The 3D-Navier Stokes equations can be stabilized by tangential boundary controller that moreover are finite dimensional. We also present stabilization results for the Boussinesq system. This is joint work with I. Lasiecka and B. Priysad.

We consider a system consisting of a nonlinear advection-diffusion equation coupled with an elastically supported Mindlin-type plate equation with time as a parameter. This type of a system arises in the context of geomorphology and geodynamics applications to landscape evolution modeling. The advection-diffusion equation describes changes in landscape surface elevation in response to fluvial and hillslope bedrock erosion and uplift relative to magma emplacement. The proposed elastically supported Mindlin-type plate equation is used to capture uplift-rate deformation associated with magmatic intrusions. We establish the existence, uniqueness, and continuous dependence on data of a global weak solution to the coupled system. The proof is based on the Faedo-Galekin technique with a compactness argument, energy estimates derived by means of a Gronwall-type argument, and the energy method combined with the penalty function technique. Using the semigroup approach, we also obtain a unique local strong solution to the initial-boundary value problem for the advection-diffusion equation given surface uplift as data.
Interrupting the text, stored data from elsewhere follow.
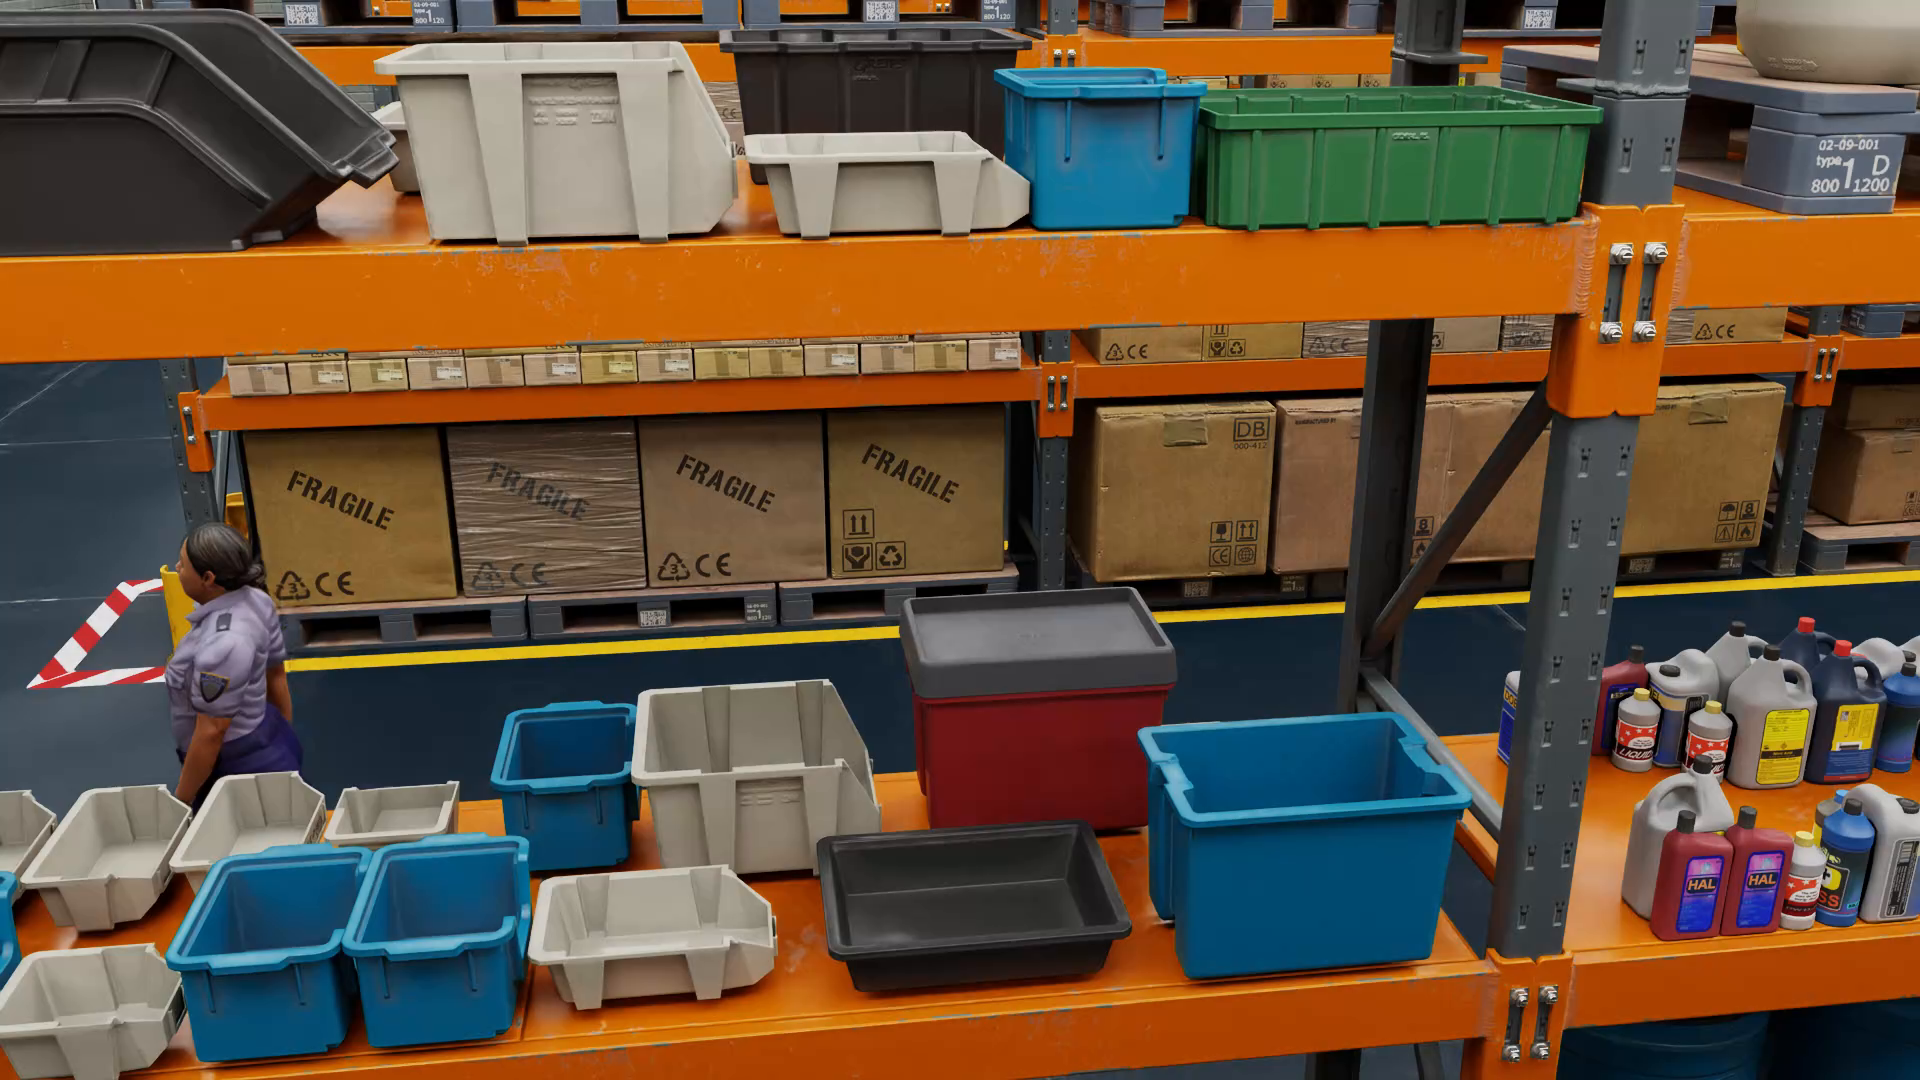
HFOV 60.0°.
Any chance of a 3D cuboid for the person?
[{"bbox_3d":[-2.236,0.766,5.079,0.601,1.697,0.478,-6,21,-16],"label":"person"}]
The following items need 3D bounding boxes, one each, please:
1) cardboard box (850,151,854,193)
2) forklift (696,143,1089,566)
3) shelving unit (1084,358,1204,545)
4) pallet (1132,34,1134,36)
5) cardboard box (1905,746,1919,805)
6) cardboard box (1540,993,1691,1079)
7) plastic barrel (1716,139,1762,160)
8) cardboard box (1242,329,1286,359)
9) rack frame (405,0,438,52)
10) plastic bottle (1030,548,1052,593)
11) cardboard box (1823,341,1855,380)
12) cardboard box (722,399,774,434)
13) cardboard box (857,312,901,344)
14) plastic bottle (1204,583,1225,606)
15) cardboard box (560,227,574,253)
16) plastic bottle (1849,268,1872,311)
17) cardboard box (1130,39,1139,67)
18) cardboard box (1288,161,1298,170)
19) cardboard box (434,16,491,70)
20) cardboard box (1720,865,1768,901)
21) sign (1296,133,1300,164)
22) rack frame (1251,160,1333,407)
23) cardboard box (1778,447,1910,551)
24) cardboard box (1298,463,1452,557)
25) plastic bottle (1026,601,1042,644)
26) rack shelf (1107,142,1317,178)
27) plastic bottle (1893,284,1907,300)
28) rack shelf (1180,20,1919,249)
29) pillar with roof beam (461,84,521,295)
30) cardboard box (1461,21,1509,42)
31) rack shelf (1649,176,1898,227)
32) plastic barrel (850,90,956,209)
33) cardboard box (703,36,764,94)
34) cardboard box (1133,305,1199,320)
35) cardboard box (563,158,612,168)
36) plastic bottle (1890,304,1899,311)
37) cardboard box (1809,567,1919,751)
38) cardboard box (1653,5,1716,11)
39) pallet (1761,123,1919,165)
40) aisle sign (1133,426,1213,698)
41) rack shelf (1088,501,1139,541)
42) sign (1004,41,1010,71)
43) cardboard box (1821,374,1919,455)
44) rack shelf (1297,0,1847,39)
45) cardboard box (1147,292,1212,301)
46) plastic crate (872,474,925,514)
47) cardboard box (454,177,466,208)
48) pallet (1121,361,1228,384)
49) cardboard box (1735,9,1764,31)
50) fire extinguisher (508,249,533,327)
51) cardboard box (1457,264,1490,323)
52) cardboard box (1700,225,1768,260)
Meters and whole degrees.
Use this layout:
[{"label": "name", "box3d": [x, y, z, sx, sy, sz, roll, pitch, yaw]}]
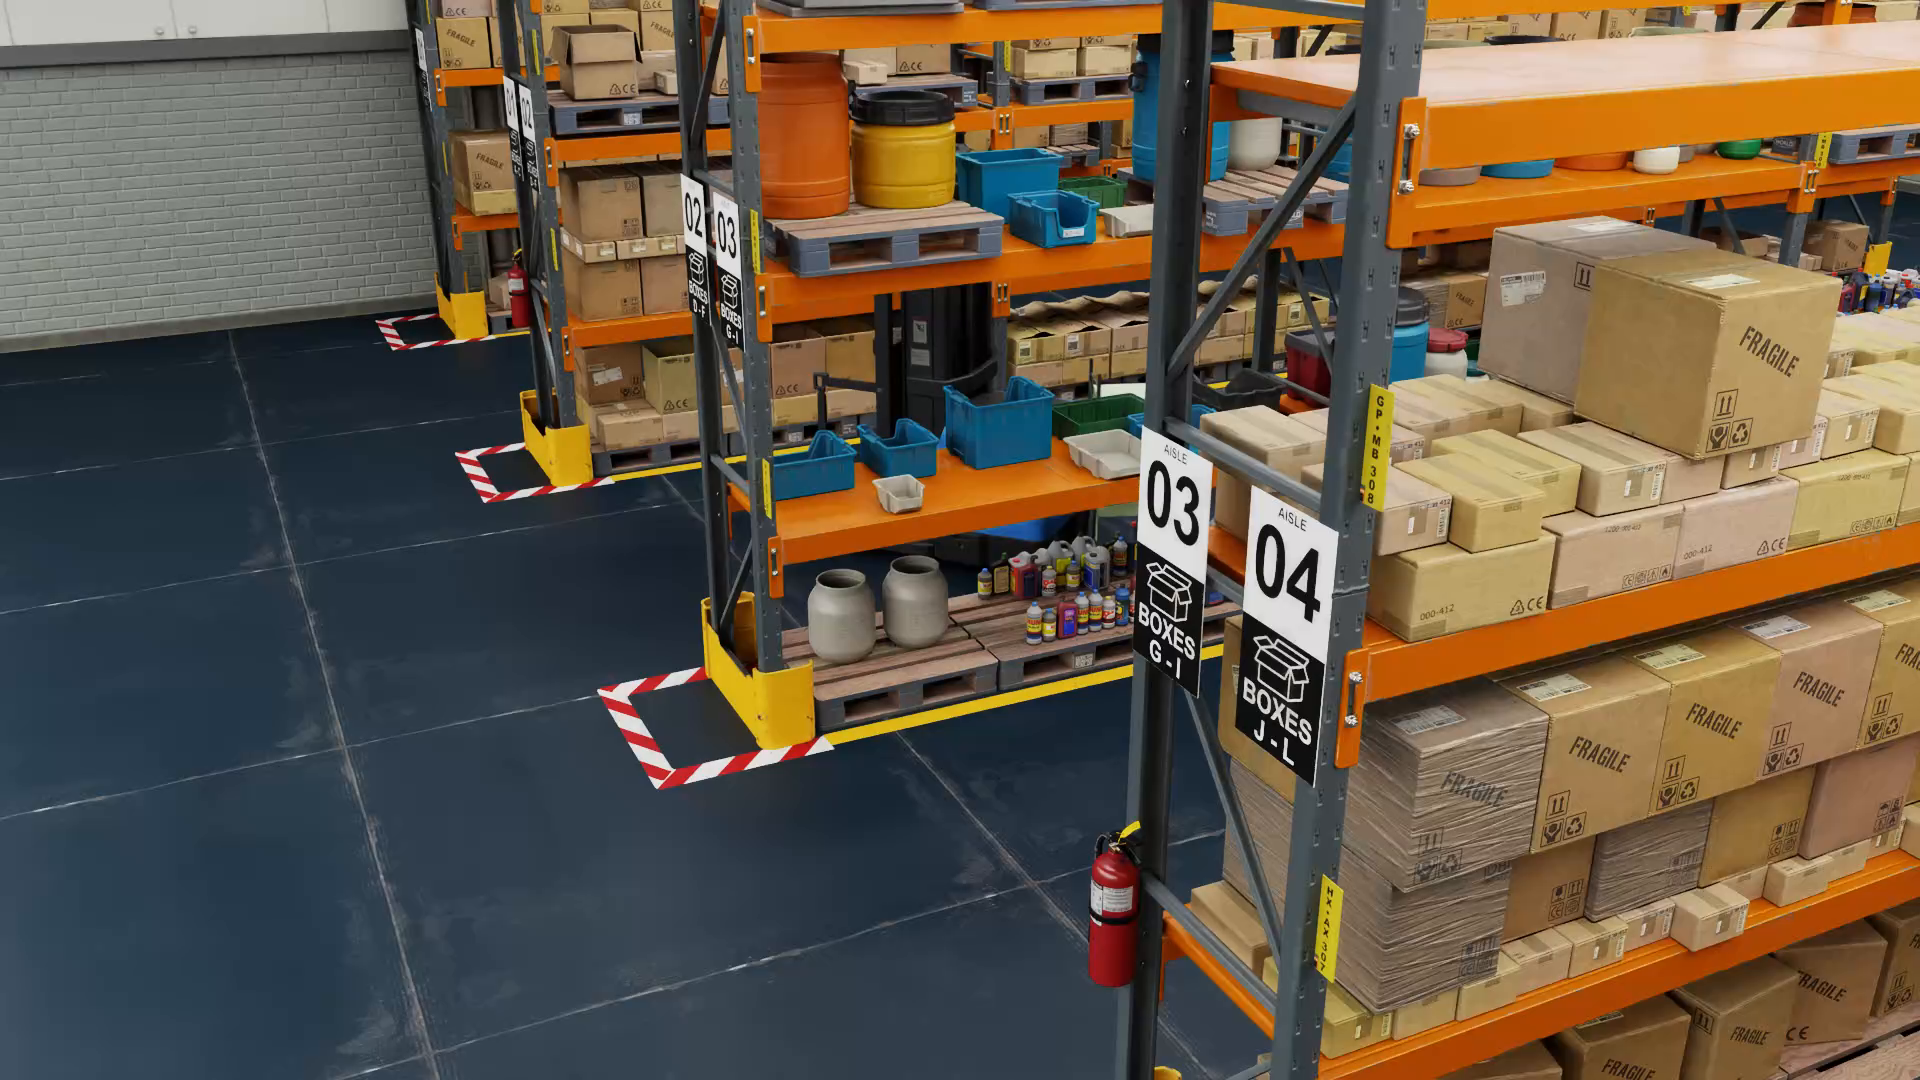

This is joint work with Luther W. White, Oregon Applied Mathematics Institute.

The initial value problem for nonlinear evolution equations has been studied extensively and from many points of view over the last fifty years. To the contrary, initial-boundary value problems for these equations remain widely unexplored despite the fact that such problems arise naturally in applications. This talk is concerned with a new approach for the well-posedness of nonlinear initial-boundary value problems, which combines the linear solution formulae produced via the unified transform method of Fokas with suitably adapted harmonic analysis techniques. Concrete examples to be discussed include the nonlinear Schrödinger and Korteweg-de Vries equations, as well as a reaction-diffusion equation with power nonlinearity, formulated either on the half-line or on a finite interval.

The Kuramoto-Sivashinsky equation (KSE) is a highly chaotic dynamical system that arises in flame fronts, plasmas, crytral growth, and many other phenomena. Due to its lack of a maximum principle, the KSE is often studied as an analogue to the 3D Navier-Stokes equations (NSE). Much progress has been made on the 1D KSE since roughly 1984, but for the 2D KSE, even global well-posedness remains a major open question. In analogy with regularizations of the 3D NSE, we present modifications of the 2D KSE which allow for global well-posedness, while still retaiing many imporant features of the 2D KSE. However, as has been demonstrated recently by Kostianko, Titi, and Zelik, standard regularizations, that work well for Navier-Stokes, fail when applied to even the 1D KSE. Thus, we present entirely new types of modification for the 2D KSE. This talk will describe key ideas of the analysis, and also show many colorful movies of solutions.

Flutter is a self-excitation instability of an elastic structure surrounding fluid flow. Motivated by piezoelectric energy harvesting, we consider the large deflections of an inextensible cantilever. Mathematically, there is minimum rigorous analysis of this recent PDE model. For the large deflections of the cantilever, nonlinear restoring forces are present due to the inextensibility constraint (rather than local stretching). This results both nonlinear stiffness and inertia terms which lead to quasilinear and nonlocal equations. To obtain existence of solutions, we utilize the Galerkin procedure with cantilever modes. Due to the nonlinearity, there is no natural weak formulation, and identifying weak limits requires additional compactness, forcing higher topologies for smooth data. The addition of strong (Kelvin-Voigt) structural damping is necessary in order to obtain any a-priori estimates when nonlocal inertia is included. Local existence of strong solutions for the full system is then obtained. Uniqueness follows from a novel decomposition of the dynamics.

In accurately simulating turbulent flows, two major difficulties arise before the simulation begins; namely the problem of determining the initial state of the flow, and the problem of estimating the parameters. Data assimilation helps to resolve the first problem by eliminating the need for complete knowledge of the initial state. It incorporates incoming data into the equations, driving the simulation to the correct solution. Recently, a promising new data assimilation algorithm (the AOT algorithm) has been proposed by Azouani, Olson, and Titi, which uses a feedback control term to incorporate observations at the PDE level. This talk is focused on using the AOT algorithm in the context of measurements devices which move in time, such as satellites or drones. We find that, in the context of the Allen Cahn equation, by moving the sampling points dynamically, we can greatly reduce the number of sampling points required, while achieving better accuracy.